Photo by Andrew Sherman

The last show that Meach Pango played pre-lockdown was at the John Ed Keeter Public Library. That’s not the tongue-in-cheek name of a hipster bar. It’s an actual library in Saginaw.

I was there. It was actually the last show I attended before COVID-19 sent live music to a screeching halt. There was an odd vibe that afternoon. The band was playing an event called Libraryfest along with a handful of other Fort Worth groups. The show was set to take place in a field behind the library, but due to inclement weather, it had to be brought indoors at the last minute. I got Meached for the first time right there in front of the fiction section.

“It’s pretty funny to think about our last show being in our hometown library,” recalled guitarist Jared Loftis, laughing, as he and his bandmates spoke with me over the phone. “It felt like we were doing something wrong.”


The show was intimate but tightly packed with about as many people you could fit into a library without creating a fire hazard. It was buzzing with the neon electric joy that Meach Pango specializes in. There were lots of smiles, lots of laughs, and a lot of people dancing. It’s definitely the most fun any of us in attendance ever had in a library.

“I think everyone kind of knew it was gonna be the last time we saw live music for a while,” said guitarist Tony Coffman. “It could’ve been the last time we ever played.”

Thankfully, it was not the last time Meach Pango ever played.

“A couple of us lived together throughout quarantine, so we were always around each other,” said frontman Alex Mackenzie. “It didn’t really hold us back.”

The band continued to meet up for practices to keep their morale high and their skills sharp, despite the impossibility of performing live shows throughout the duration of lockdown.

“At the end of the day I feel like not meeting up to practice would be almost impossible, and it would kill what we had going,” Loftis said. “We had a whole tour set up for the week after the lockdown started, and all that went down the drain, which was kind of a bummer, so the only thing we had was meeting and practicing. Obviously, we didn’t play any shows. We just hung out and played music, just like we did when we were high schoolers.”
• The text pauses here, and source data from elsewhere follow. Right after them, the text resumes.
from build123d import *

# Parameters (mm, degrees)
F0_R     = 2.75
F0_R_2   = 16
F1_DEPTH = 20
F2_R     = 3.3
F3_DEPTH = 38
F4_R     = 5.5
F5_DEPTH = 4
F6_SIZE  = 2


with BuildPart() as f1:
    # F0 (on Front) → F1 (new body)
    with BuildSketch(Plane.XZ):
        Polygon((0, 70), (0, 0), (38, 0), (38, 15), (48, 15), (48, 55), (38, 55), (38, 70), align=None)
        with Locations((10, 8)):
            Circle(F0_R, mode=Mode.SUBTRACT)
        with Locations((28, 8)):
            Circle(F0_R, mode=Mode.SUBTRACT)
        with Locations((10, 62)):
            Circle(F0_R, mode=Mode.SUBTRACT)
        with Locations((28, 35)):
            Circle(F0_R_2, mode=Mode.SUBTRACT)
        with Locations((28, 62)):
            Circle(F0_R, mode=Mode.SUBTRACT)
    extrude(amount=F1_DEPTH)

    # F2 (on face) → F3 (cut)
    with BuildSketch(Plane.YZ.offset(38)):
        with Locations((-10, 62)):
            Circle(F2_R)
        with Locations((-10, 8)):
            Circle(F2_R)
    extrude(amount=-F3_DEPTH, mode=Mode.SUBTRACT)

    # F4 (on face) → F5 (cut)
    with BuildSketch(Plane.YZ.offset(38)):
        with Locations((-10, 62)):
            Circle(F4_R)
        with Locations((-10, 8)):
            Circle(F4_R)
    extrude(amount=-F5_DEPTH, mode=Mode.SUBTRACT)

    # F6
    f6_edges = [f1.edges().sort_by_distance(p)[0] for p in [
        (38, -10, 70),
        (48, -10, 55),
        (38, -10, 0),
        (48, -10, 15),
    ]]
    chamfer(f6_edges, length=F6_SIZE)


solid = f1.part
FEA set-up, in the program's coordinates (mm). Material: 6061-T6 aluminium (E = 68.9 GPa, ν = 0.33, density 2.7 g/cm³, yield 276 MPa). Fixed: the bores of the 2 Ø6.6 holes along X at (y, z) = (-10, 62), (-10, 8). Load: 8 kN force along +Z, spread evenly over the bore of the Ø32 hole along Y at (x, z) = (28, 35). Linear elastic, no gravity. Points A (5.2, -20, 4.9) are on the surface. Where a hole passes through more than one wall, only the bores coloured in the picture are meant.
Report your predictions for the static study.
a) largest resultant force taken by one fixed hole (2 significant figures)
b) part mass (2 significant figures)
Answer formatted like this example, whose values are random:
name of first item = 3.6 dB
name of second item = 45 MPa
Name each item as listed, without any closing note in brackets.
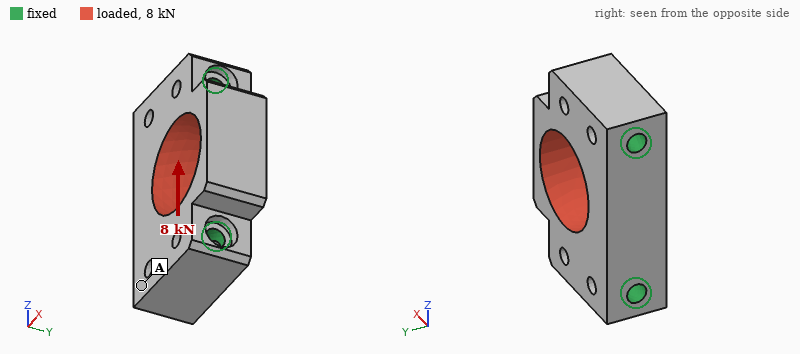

The video for Meach Pango’s “Wander” nicely encapsulates what it was like being an artist during lockdown.
Photo by Kirstin Black.

With new single “Wander” dropping in April, followed closely by the music video released last week, Meach Pango is back to generating forward momentum again. “Wander” was recorded and produced with the help of Ben Barnett in Hurst at The Hang, where the band also recorded their first two albums.

“When we started writing it, we didn’t intend for it to be some self-referential quarantine-type thing,” Mackenzie said. “It just sort of played out that way. It’s about just isolating yourself and being by yourself.”

“Wander” manages to take the heavy topic of isolation and reverse it, injecting it with the kind of bright, energetic riffs Meach Pango is known for. Their upbeat rock-pop sound is laced with just the slightest hints of ska, and it shakes the COVID blues immediately. It is really hard not to dance to it.

The “Wander” video was shot in Fort Worth at The Funktion, a small venue and creative space, with the help of Ocular Pop Films (married couple Kirstin and Austin Black). Ocular Pop has been close with the band since their inception in 2016 and have maintained a tight relationship with Meach Pango ever since, having helped the band with their first major photoshoot and since assisting them with several other projects, including “Wander.” Mackenzie said “Wander” may be the best thing they’ve ever collaborated on.

“We’ve done five or six full-length videos,” he continued, “and out of all of them, I think this one is definitely the one we’re most proud of. I think being pent up for so long and not being able to have that creative release just forced us to do something that we think is one of the best things we’ve done creatively.”

They have every right to be proud.

The video for “Wander” is smoooooth. The transitions are seamless but energetic, working in harmony with the song’s refined up-tempo groove. It brings to life Mackenzie’s long-term aspiration of shooting a video in one solid take, without cuts.

The whole video has an intimate feeling that drives home the single’s relatability.

The video opens on the band in a dark room, dimly illuminated by overhead lights and the glow of several television monitors. It pans between shots of the full band and shots in which each bandmember is alone playing in an empty room, underlining the feeling of what it’s like to be a musician in isolation.

“Wander” is an emotionally accessible anthem that puts to words what nearly all of us have been feeling during the pandemic, and the video complements that. It’s a visual snack.